— Work to be completed —
Lines from the material below that hold the string "Stadsdeelsecretaris" are what is needed; copy each of them.
____ Available data
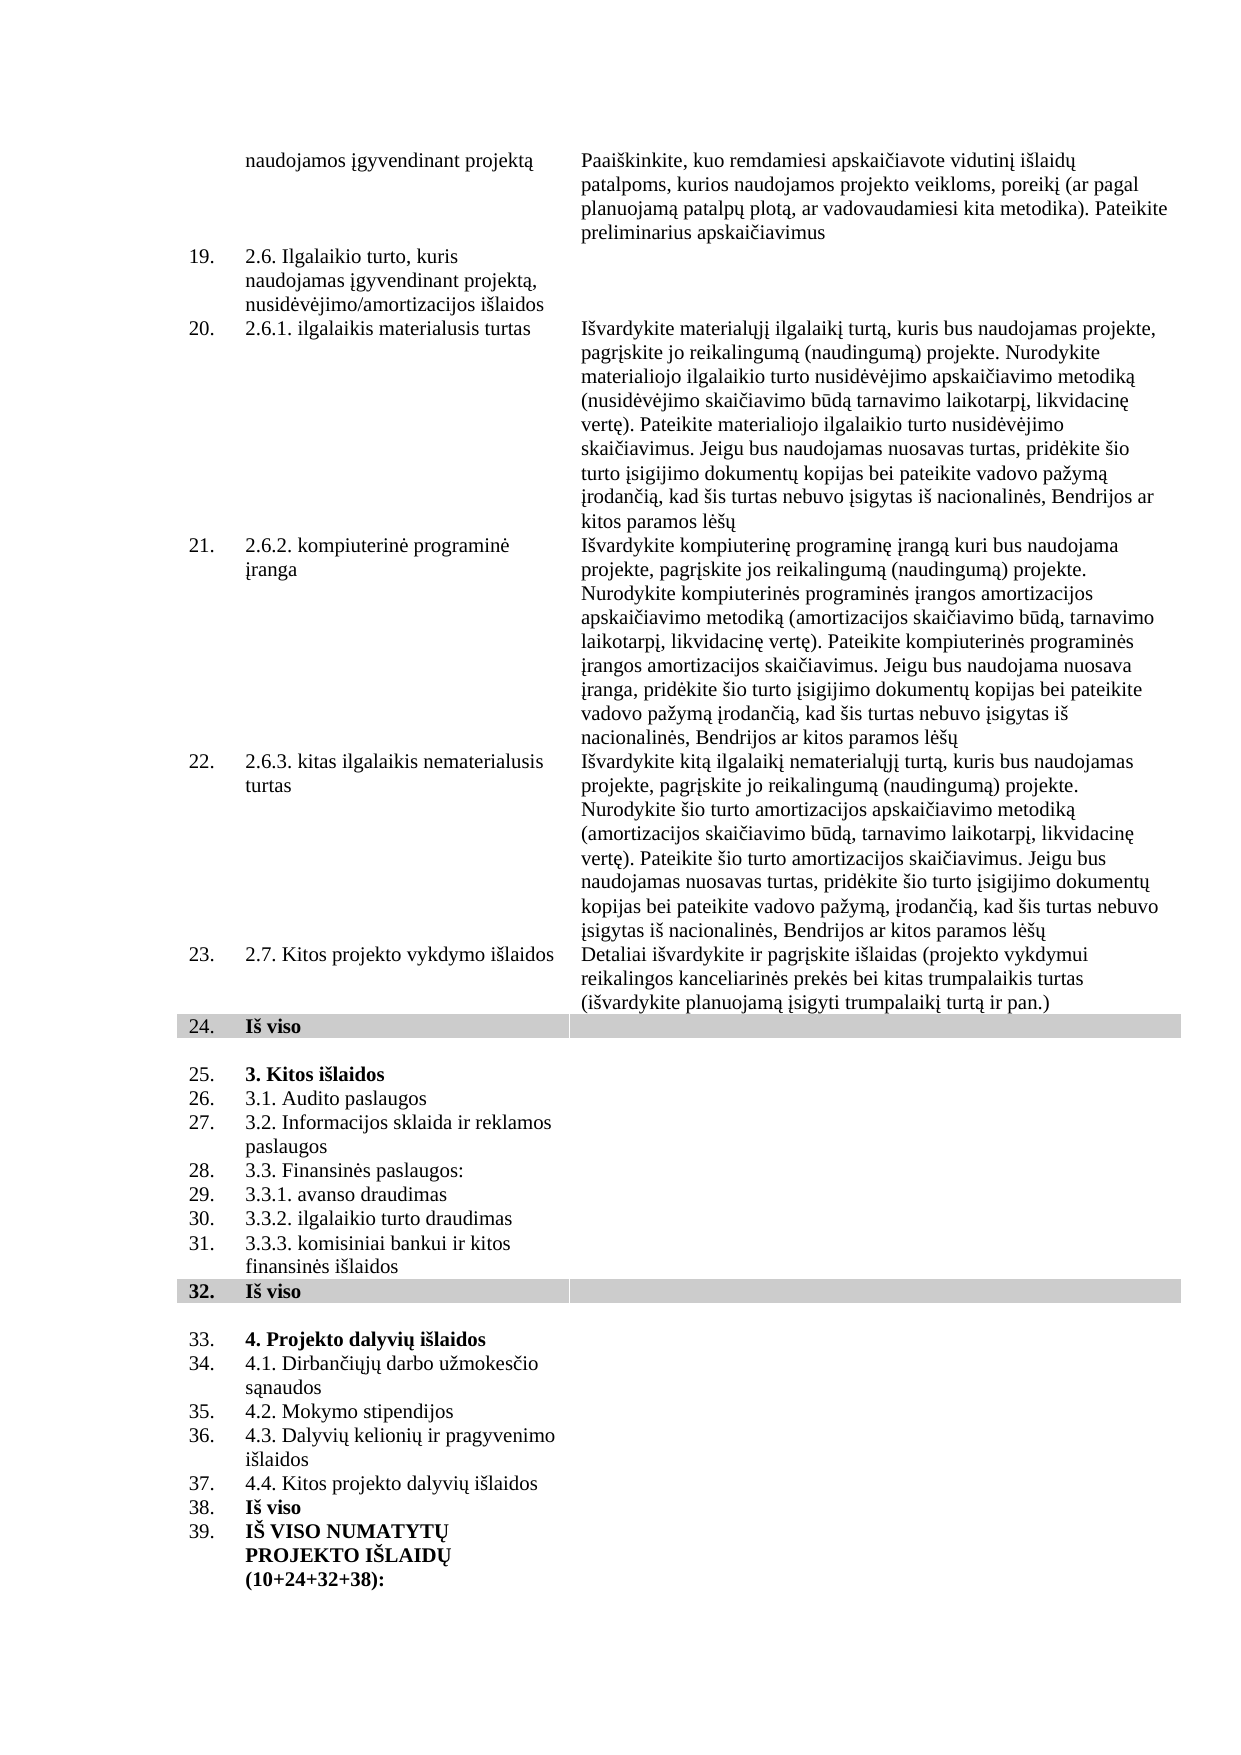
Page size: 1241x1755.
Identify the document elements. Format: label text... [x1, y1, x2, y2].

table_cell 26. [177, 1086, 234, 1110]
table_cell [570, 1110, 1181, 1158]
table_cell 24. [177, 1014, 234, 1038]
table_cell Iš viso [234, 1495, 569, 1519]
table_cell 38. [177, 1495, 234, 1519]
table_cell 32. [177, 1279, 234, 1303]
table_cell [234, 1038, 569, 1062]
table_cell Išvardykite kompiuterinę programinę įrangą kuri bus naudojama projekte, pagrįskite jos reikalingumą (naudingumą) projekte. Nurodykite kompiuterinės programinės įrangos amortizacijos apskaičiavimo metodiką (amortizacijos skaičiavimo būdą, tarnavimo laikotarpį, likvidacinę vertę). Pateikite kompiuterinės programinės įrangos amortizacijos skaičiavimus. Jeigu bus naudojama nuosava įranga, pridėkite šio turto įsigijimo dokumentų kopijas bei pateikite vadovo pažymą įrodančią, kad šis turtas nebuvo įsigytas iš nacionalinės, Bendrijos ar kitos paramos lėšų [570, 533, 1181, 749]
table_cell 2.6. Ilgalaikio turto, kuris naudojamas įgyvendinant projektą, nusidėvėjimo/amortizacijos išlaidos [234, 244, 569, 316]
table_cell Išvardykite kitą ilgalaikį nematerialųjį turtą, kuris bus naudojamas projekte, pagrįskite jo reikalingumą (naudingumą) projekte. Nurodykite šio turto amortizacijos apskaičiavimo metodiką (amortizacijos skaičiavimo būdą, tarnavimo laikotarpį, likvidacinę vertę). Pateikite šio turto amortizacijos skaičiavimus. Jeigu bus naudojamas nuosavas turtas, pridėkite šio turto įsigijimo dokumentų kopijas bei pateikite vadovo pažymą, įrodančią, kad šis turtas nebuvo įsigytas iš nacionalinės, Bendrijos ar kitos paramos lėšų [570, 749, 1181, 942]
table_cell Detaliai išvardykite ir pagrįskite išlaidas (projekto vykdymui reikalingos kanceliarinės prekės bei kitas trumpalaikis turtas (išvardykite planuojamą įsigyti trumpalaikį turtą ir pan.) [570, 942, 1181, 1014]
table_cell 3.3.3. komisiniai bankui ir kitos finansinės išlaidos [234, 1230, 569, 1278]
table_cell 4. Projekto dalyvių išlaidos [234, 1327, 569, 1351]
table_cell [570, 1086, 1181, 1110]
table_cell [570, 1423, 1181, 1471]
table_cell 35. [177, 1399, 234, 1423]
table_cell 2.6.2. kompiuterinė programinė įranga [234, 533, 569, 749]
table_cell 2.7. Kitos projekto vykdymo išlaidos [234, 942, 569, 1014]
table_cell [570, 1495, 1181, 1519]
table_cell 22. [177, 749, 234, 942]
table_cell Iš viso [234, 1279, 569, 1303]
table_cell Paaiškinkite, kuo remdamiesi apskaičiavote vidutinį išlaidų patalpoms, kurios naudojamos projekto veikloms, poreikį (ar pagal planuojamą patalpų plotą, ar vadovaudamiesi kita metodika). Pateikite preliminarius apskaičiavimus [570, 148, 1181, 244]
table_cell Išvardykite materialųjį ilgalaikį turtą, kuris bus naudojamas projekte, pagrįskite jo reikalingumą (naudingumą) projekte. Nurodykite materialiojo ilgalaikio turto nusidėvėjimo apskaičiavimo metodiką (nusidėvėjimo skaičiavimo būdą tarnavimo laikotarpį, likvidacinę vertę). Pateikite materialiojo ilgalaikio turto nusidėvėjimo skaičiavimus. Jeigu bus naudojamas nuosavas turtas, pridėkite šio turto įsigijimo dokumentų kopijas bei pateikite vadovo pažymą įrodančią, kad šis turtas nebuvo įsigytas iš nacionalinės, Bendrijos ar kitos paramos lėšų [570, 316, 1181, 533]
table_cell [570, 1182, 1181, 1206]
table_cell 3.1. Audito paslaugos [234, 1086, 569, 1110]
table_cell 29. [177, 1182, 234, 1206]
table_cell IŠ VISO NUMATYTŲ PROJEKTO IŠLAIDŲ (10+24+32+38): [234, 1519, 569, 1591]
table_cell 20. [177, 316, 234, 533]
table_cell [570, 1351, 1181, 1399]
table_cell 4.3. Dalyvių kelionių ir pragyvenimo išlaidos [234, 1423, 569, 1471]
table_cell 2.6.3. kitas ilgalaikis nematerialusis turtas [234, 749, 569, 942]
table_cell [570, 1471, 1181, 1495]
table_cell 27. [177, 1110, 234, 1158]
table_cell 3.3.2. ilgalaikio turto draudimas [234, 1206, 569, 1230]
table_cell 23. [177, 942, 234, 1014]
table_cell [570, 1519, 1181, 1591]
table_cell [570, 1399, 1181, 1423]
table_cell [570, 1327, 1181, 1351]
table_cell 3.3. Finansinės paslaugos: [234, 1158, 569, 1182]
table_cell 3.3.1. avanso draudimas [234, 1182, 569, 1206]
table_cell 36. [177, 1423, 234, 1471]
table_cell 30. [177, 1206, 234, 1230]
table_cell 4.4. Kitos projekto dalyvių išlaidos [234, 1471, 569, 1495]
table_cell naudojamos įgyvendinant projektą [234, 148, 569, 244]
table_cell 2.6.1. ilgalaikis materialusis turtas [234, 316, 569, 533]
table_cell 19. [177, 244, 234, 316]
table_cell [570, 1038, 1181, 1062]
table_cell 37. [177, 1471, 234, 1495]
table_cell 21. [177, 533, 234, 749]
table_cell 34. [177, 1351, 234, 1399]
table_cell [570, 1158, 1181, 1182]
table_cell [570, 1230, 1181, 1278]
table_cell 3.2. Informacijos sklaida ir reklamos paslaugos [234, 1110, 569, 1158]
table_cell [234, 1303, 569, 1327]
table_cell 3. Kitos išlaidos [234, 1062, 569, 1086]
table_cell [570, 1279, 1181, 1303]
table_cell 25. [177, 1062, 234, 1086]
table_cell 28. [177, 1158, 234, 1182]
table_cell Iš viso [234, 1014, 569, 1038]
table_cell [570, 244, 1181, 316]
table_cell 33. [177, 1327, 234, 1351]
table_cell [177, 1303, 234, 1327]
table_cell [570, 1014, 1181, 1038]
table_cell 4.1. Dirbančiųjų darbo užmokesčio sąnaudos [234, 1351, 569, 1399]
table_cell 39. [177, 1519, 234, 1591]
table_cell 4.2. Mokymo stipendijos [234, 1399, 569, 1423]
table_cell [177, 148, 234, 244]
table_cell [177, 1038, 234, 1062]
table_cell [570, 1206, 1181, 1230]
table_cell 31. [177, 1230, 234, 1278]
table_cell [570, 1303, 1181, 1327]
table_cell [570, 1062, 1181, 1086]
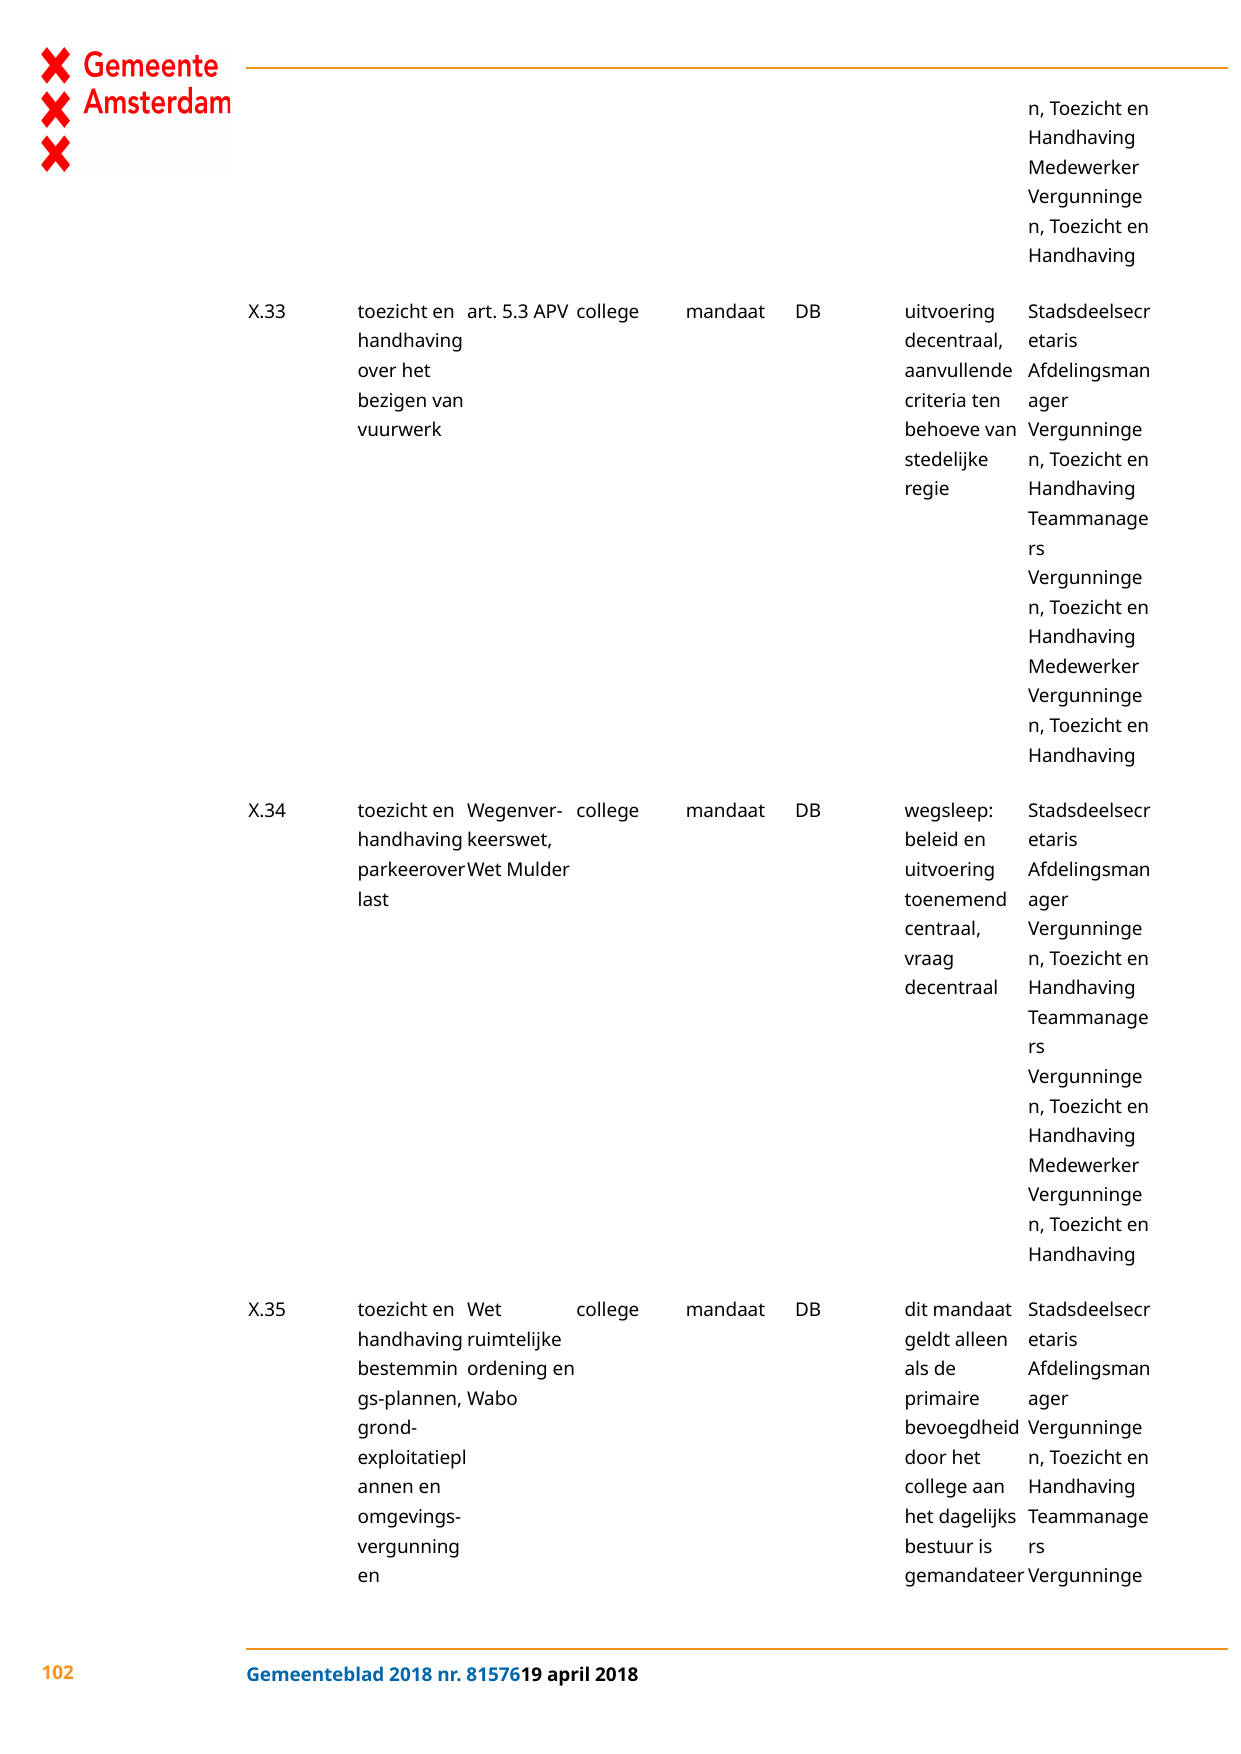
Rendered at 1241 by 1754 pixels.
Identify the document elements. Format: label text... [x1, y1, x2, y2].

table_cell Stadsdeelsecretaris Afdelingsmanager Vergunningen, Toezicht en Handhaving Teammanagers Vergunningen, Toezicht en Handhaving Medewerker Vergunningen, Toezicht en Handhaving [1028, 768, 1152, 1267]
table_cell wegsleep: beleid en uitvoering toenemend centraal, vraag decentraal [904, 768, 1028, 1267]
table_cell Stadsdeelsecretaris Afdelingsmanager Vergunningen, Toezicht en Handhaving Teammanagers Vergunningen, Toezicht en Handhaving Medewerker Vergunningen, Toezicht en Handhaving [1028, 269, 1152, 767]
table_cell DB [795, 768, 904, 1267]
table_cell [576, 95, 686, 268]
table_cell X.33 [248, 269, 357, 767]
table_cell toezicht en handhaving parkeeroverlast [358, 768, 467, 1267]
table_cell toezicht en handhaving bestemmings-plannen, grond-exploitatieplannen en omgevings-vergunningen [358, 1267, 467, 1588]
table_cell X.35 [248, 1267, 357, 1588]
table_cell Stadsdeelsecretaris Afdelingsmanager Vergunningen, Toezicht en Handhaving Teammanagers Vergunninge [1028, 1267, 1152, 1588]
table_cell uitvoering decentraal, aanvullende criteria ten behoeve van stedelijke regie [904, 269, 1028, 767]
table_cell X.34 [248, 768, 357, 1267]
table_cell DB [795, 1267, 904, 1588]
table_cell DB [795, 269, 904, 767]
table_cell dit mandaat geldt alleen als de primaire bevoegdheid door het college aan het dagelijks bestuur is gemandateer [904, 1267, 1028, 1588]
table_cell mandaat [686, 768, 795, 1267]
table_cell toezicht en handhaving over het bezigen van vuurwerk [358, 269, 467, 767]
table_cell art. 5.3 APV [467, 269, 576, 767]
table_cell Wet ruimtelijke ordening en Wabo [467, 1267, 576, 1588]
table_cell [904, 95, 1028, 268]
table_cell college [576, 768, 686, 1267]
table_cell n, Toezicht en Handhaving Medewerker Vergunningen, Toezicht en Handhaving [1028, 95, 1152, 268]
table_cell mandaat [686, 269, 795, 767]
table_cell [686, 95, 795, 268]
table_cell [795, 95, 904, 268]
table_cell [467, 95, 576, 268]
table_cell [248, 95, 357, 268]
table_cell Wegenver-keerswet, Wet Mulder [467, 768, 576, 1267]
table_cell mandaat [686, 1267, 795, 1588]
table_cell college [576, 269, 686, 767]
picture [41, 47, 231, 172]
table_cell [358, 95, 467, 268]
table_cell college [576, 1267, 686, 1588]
________
— Answer below —
table_cell Stadsdeelsecretaris Afdelingsmanager Vergunningen, Toezicht en Handhaving Teammanagers Vergunningen, Toezicht en Handhaving Medewerker Vergunningen, Toezicht en Handhaving [1028, 768, 1152, 1267]
table_cell Stadsdeelsecretaris Afdelingsmanager Vergunningen, Toezicht en Handhaving Teammanagers Vergunningen, Toezicht en Handhaving Medewerker Vergunningen, Toezicht en Handhaving [1028, 269, 1152, 767]
table_cell Stadsdeelsecretaris Afdelingsmanager Vergunningen, Toezicht en Handhaving Teammanagers Vergunninge [1028, 1267, 1152, 1588]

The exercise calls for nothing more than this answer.